Pedro Silvestre edited this page Apr 2, 2020 · 24 revisions

Highly-available Streaming

The standby-operators are currently able to take over execution of a failed operator and reconfigure connections. But they produce duplicate records to the downstream, which we want to avoid in order to provide exactly-once processing guarantees.

Approach 1: RecordIDs

Assumptions:

  • Deterministic computations (no uses of random or physical time)
  • Order insensitive computations
    • For any two input records coming from different input streams, the results given by the operator should be the same no matter the order in which they are received. (This means that general stateful operators are not allowed?) If one requires two events to be ordered, they should have the same key and be ordered in Kafka.
  • Deterministic routing (no shuffle)

Idea:

Each record in a stream carries a unique RecordID. Operators that receive events coming from input sources generate a RecordID for each record. Subsequent operators combine input RecordIDs into output RecordIDs. After a successful checkpoint RecordIDs are not required any more and they are garbage-collected. Thus, they can be reused.

Operators can deduplicate records in each of their input streams using the RecordIDs. This ensures that while replaying records during failure recovery, the same record is not processed twice.

To guarantee that Records in a stream-epoch have unique recordIDs, each operator has to also detect the creation of duplicates in its outputs. If a duplicate is detected, a new ID is forcefully generated, and this relationship is stably synchronously recorded. This is expensive but rare.

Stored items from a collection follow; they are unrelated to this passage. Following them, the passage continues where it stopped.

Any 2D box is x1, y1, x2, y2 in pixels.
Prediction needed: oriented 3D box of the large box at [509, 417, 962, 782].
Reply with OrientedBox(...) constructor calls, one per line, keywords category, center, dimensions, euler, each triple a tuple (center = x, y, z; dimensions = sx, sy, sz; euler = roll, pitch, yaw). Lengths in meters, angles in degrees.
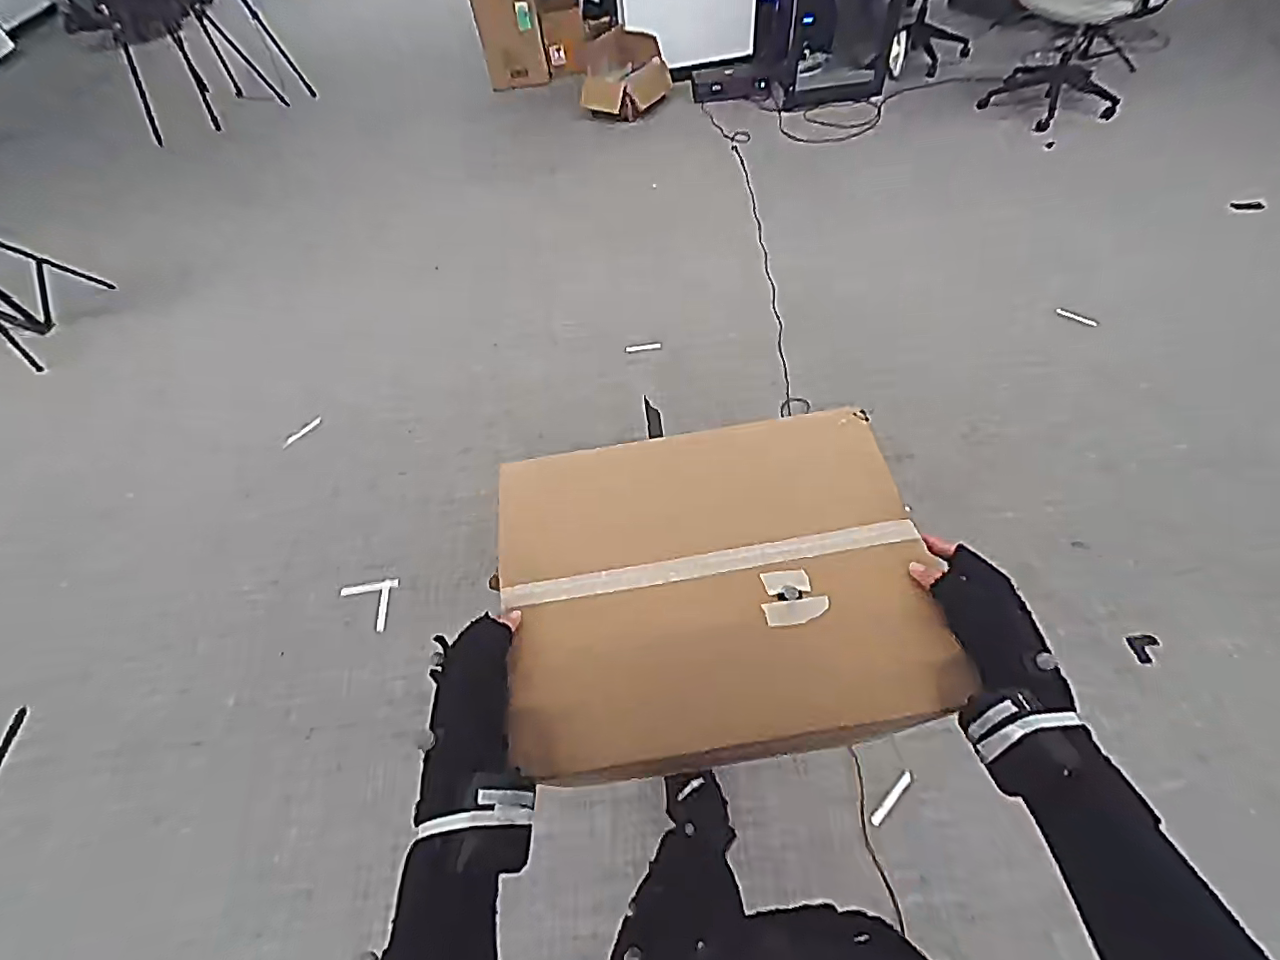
OrientedBox(category="large box", center=(0.078, 0.165, 0.674), dimensions=(0.408, 0.320, 0.320), euler=(-10, 60, -1))
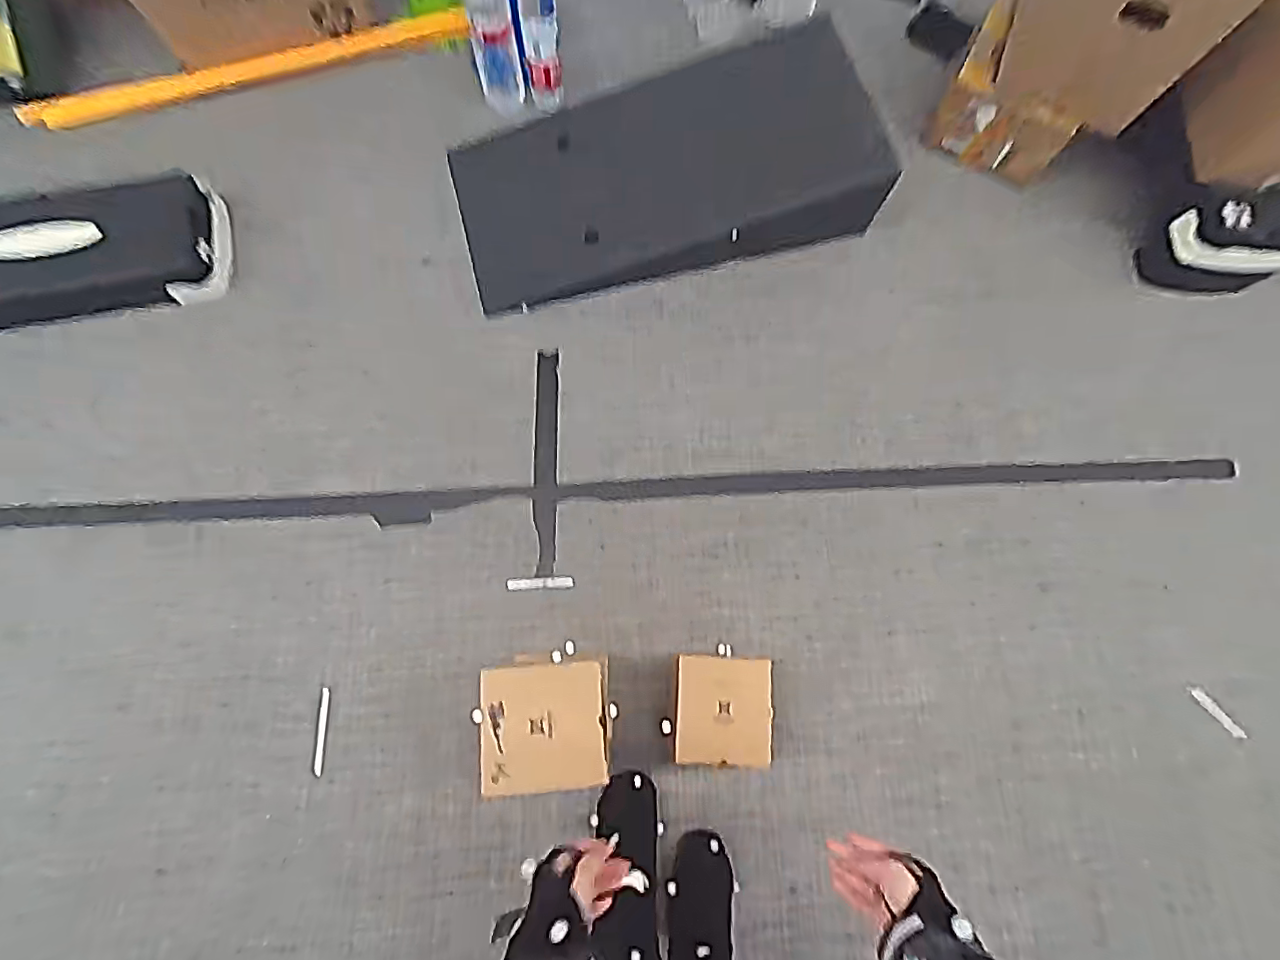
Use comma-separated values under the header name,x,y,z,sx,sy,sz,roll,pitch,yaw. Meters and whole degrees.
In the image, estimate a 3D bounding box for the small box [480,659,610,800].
name,x,y,z,sx,sy,sz,roll,pitch,yaw
small box,-0.139,0.369,0.830,0.179,0.176,0.168,-3,75,-5

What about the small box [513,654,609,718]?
name,x,y,z,sx,sy,sz,roll,pitch,yaw
small box,-0.142,0.415,0.988,0.168,0.176,0.179,1,74,-3

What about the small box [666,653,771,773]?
name,x,y,z,sx,sy,sz,roll,pitch,yaw
small box,0.140,0.422,1.003,0.168,0.176,0.179,4,74,-2

Lineage based RecordID generation

Let IRD be Input RecordID and ORD be Output RecordID, H represent a hashing operation and let (+) be some commutative and distributative binary operation on RecordIDs (XOR or ADD). Different operator types will need to combine IRDs in different ways to generate their ORD. ORD will have the value of some function F of the input RecordIDs and other state the operator may maintain:

  • Map: ORD = F(IRD) = IRD
  • FlatMap: ORD = F(IRD, count) = H(IRD + count), where count counts how many records the FlatMap has produced.
  • RollingReduction: ORD = F(IRD, RRI) = RRI (+) IRD, where RRI is a rolling (+) reduction of all previous RecordIDs. [Breaks order insensitive computation assumption]
  • Window: ORD = F({Record.IRD | Record \in Window Pane}) = (+) {IRD | Record \in Window Pane}

Issues

In this figure, a Rolling Sum operator is shown. It has an operator downstream from it, and two upstream operators, which are shown simply as queues. Each square in the queues is a record. Blue records have already affected the downstream causally (a corresponding output of Rolling Sum has been processed downstream).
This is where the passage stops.